◆ **Task details**
Would you repeat each line below exactly, without the pictures?

------ Data for this exercise

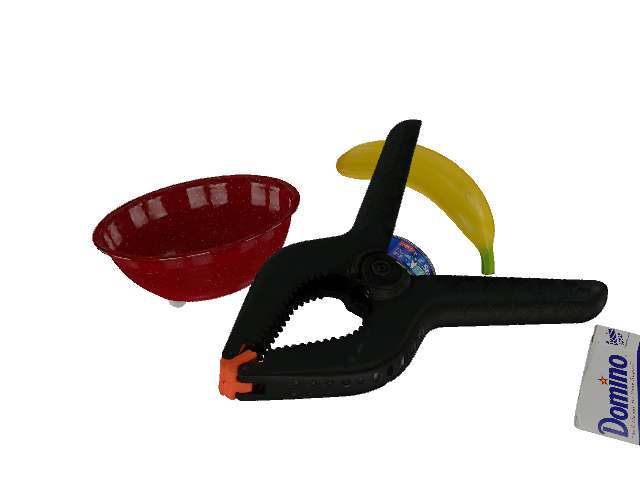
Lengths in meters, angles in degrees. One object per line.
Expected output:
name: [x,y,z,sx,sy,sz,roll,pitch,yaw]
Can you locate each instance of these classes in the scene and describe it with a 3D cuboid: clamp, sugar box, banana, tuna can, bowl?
clamp: [0.028,0.016,0.577,0.209,0.165,0.036,-24,-33,-23]
sugar box: [0.319,0.142,0.939,0.176,0.093,0.048,12,23,15]
banana: [0.085,-0.047,0.926,0.037,0.070,0.198,4,27,-46]
tuna can: [0.088,0.037,1.225,0.086,0.086,0.033,0,37,47]
bowl: [-0.091,0.003,0.828,0.162,0.055,0.162,-9,23,4]

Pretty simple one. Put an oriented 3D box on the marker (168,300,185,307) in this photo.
marker: [-0.146,0.025,1.137,0.020,0.121,0.020,9,43,-8]
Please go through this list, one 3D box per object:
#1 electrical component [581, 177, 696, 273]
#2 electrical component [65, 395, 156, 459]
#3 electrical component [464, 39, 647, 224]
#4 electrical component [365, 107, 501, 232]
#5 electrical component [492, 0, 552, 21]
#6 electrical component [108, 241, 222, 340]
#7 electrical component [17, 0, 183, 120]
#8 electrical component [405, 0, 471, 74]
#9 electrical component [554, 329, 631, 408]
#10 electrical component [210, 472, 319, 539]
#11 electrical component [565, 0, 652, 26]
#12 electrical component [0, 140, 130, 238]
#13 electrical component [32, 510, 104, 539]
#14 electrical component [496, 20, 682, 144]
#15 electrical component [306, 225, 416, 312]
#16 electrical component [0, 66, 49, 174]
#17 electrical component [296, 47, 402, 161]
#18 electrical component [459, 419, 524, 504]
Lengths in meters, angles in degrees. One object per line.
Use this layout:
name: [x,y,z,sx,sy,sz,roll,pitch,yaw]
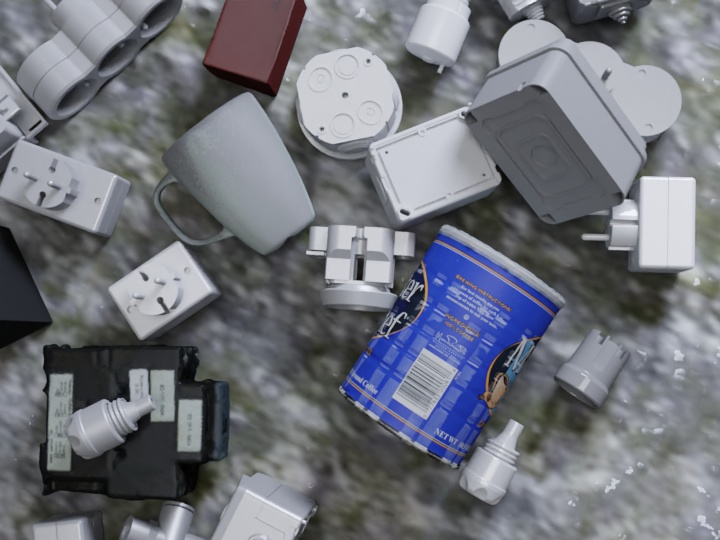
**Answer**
electrical component: [0.201,-0.033,0.785,0.077,0.047,0.065,2,86,4]
electrical component: [-0.172,0.105,0.752,0.061,0.035,0.035,-26,85,0]
electrical component: [0.139,-0.096,0.756,0.113,0.078,0.057,48,52,-21]
electrical component: [0.058,-0.075,0.794,0.096,0.061,0.061,-22,85,-6]
electrical component: [0.113,-0.220,0.805,0.043,0.043,0.081,-31,85,2]
electrical component: [-0.148,0.015,0.792,0.066,0.077,0.047,-34,85,1]
electrical component: [-0.209,-0.188,0.821,0.138,0.052,0.073,-44,85,1]
electrical component: [0.064,-0.190,0.808,0.040,0.040,0.078,22,88,5]
electrical component: [0.170,0.071,0.785,0.040,0.040,0.046,35,83,5]
electrical component: [-0.074,0.186,0.766,0.061,0.096,0.061,26,88,6]
electrical component: [0.180,-0.224,0.791,0.062,0.061,0.096,-15,85,3]
electrical component: [-0.227,-0.063,0.803,0.083,0.076,0.047,20,88,5]
electrical component: [-0.195,0.222,0.796,0.076,0.047,0.083,-7,86,4]
electrical component: [0.167,-0.140,0.781,0.138,0.074,0.052,24,88,5]
electrical component: [0.000,0.000,0.792,0.078,0.058,0.057,4,84,4]
electrical component: [-0.310,-0.134,0.820,0.079,0.063,0.121,-41,85,0]
electrical component: [-0.009,-0.125,0.804,0.080,0.051,0.080,0,86,4]
electrical component: [0.100,0.138,0.788,0.035,0.035,0.061,30,87,5]

------------

◆ **Task response**
Lengths in meters, angles in degrees. One object per line.
Expected output:
name: [x,y,z,sx,sy,sz,roll,pitch,yaw]
Can you locate each instance of these classes in the scene and describe it with a 3D cuboid: clamp, sugar box, banana, tuna can, bowl?
clamp: [0.028,0.016,0.577,0.209,0.165,0.036,-24,-33,-23]
sugar box: [0.319,0.142,0.939,0.176,0.093,0.048,12,23,15]
banana: [0.085,-0.047,0.926,0.037,0.070,0.198,4,27,-46]
tuna can: [0.088,0.037,1.225,0.086,0.086,0.033,0,37,47]
bowl: [-0.091,0.003,0.828,0.162,0.055,0.162,-9,23,4]

Pretty simple one. Put an oriented 3D box on the marker (168,300,185,307) in this photo.
marker: [-0.146,0.025,1.137,0.020,0.121,0.020,9,43,-8]
Please go through this list, one 3D box per object:
#1 electrical component [581, 177, 696, 273]
#2 electrical component [65, 395, 156, 459]
#3 electrical component [464, 39, 647, 224]
#4 electrical component [365, 107, 501, 232]
#5 electrical component [492, 0, 552, 21]
#6 electrical component [108, 241, 222, 340]
#7 electrical component [17, 0, 183, 120]
#8 electrical component [405, 0, 471, 74]
#9 electrical component [554, 329, 631, 408]
#10 electrical component [210, 472, 319, 539]
#11 electrical component [565, 0, 652, 26]
#12 electrical component [0, 140, 130, 238]
#13 electrical component [32, 510, 104, 539]
#14 electrical component [496, 20, 682, 144]
#15 electrical component [306, 225, 416, 312]
#16 electrical component [0, 66, 49, 174]
#17 electrical component [296, 47, 402, 161]
#18 electrical component [459, 419, 524, 504]
Lengths in meters, angles in degrees. One object per line.
Use this layout:
name: [x,y,z,sx,sy,sz,roll,pitch,yaw]
**Answer**
electrical component: [0.201,-0.033,0.785,0.077,0.047,0.065,2,86,4]
electrical component: [-0.172,0.105,0.752,0.061,0.035,0.035,-26,85,0]
electrical component: [0.139,-0.096,0.756,0.113,0.078,0.057,48,52,-21]
electrical component: [0.058,-0.075,0.794,0.096,0.061,0.061,-22,85,-6]
electrical component: [0.113,-0.220,0.805,0.043,0.043,0.081,-31,85,2]
electrical component: [-0.148,0.015,0.792,0.066,0.077,0.047,-34,85,1]
electrical component: [-0.209,-0.188,0.821,0.138,0.052,0.073,-44,85,1]
electrical component: [0.064,-0.190,0.808,0.040,0.040,0.078,22,88,5]
electrical component: [0.170,0.071,0.785,0.040,0.040,0.046,35,83,5]
electrical component: [-0.074,0.186,0.766,0.061,0.096,0.061,26,88,6]
electrical component: [0.180,-0.224,0.791,0.062,0.061,0.096,-15,85,3]
electrical component: [-0.227,-0.063,0.803,0.083,0.076,0.047,20,88,5]
electrical component: [-0.195,0.222,0.796,0.076,0.047,0.083,-7,86,4]
electrical component: [0.167,-0.140,0.781,0.138,0.074,0.052,24,88,5]
electrical component: [0.000,0.000,0.792,0.078,0.058,0.057,4,84,4]
electrical component: [-0.310,-0.134,0.820,0.079,0.063,0.121,-41,85,0]
electrical component: [-0.009,-0.125,0.804,0.080,0.051,0.080,0,86,4]
electrical component: [0.100,0.138,0.788,0.035,0.035,0.061,30,87,5]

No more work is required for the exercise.